I've come up with:
re.findall("([a-fA-F\d]*)", data)
but it's not very fool proof, is there a better way to grab all MD5-hash codes?
I've come up with:
re.findall("([a-fA-F\d]*)", data)
but it's not very fool proof, is there a better way to grab all MD5-hash codes?
How about "([a-fA-F\d]{32})" which requires it to be 32 characters long?
Well, since md5 is just a string of 32 hex digits, about all you could add to your expression is a check for "32 digits", perhaps something like this?
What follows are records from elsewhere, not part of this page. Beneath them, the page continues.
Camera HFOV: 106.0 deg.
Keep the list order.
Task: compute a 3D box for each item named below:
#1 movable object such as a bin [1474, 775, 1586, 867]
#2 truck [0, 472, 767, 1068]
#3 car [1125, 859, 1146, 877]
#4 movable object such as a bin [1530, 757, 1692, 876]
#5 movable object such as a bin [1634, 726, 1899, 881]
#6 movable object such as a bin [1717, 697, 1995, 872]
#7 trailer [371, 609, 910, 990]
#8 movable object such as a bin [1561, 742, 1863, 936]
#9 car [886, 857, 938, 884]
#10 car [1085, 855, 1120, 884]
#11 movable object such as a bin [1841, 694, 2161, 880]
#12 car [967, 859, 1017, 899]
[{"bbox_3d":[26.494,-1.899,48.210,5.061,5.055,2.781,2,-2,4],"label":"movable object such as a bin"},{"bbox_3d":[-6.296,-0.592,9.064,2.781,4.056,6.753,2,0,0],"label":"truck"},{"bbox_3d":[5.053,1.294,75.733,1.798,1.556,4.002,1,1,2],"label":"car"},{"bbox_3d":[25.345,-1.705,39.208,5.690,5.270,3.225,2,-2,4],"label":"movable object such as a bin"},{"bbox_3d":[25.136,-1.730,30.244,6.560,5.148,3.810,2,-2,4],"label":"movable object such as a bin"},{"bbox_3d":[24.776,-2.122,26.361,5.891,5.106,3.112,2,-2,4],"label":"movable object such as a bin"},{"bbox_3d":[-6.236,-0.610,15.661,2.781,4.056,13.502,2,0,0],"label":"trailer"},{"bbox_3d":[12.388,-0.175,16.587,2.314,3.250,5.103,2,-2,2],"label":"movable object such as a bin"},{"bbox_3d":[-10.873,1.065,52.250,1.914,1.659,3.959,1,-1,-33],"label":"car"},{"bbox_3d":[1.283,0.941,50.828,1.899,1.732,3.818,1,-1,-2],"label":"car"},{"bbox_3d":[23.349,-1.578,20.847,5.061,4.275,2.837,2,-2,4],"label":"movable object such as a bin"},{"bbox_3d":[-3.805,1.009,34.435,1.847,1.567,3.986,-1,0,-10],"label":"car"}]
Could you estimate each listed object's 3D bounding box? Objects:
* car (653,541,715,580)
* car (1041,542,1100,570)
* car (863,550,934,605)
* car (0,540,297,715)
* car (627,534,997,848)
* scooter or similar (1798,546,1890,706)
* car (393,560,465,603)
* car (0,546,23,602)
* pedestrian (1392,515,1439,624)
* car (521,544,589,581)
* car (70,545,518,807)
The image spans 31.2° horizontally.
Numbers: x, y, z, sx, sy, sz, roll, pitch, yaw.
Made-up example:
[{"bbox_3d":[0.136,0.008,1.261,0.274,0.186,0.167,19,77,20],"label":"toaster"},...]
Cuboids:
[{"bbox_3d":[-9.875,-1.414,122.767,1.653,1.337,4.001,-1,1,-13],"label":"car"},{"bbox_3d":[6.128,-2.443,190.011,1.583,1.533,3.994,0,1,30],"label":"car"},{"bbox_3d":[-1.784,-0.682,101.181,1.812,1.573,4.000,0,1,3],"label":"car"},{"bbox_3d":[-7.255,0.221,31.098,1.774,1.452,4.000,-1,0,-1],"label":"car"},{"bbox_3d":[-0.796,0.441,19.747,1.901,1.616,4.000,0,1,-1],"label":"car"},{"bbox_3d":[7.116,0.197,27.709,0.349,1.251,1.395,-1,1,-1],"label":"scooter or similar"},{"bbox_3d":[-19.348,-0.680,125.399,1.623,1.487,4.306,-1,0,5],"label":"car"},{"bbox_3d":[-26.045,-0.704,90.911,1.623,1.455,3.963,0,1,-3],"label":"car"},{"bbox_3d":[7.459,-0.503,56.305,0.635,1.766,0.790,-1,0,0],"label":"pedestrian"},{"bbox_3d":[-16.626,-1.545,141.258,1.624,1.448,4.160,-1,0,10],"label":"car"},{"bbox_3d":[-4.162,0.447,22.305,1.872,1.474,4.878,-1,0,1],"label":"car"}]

re.findall(r"([a-fA-F\d]{32})", data)
When using regular expressions in Python, you should almost always use the raw string syntax r"..."
:
re.findall(r"([a-fA-F\d]{32})", data)
This will ensure that the backslash in the string is not interpreted by the normal Python escaping, but is instead passed through to the re.findall
function so it can see the \d
verbatim. In this case you are lucky that \d
is not interpreted by the Python escaping, but something like \b
(which has completely different meanings in Python escaping and in regular expressions) would be.
See the re
module documentation for more information.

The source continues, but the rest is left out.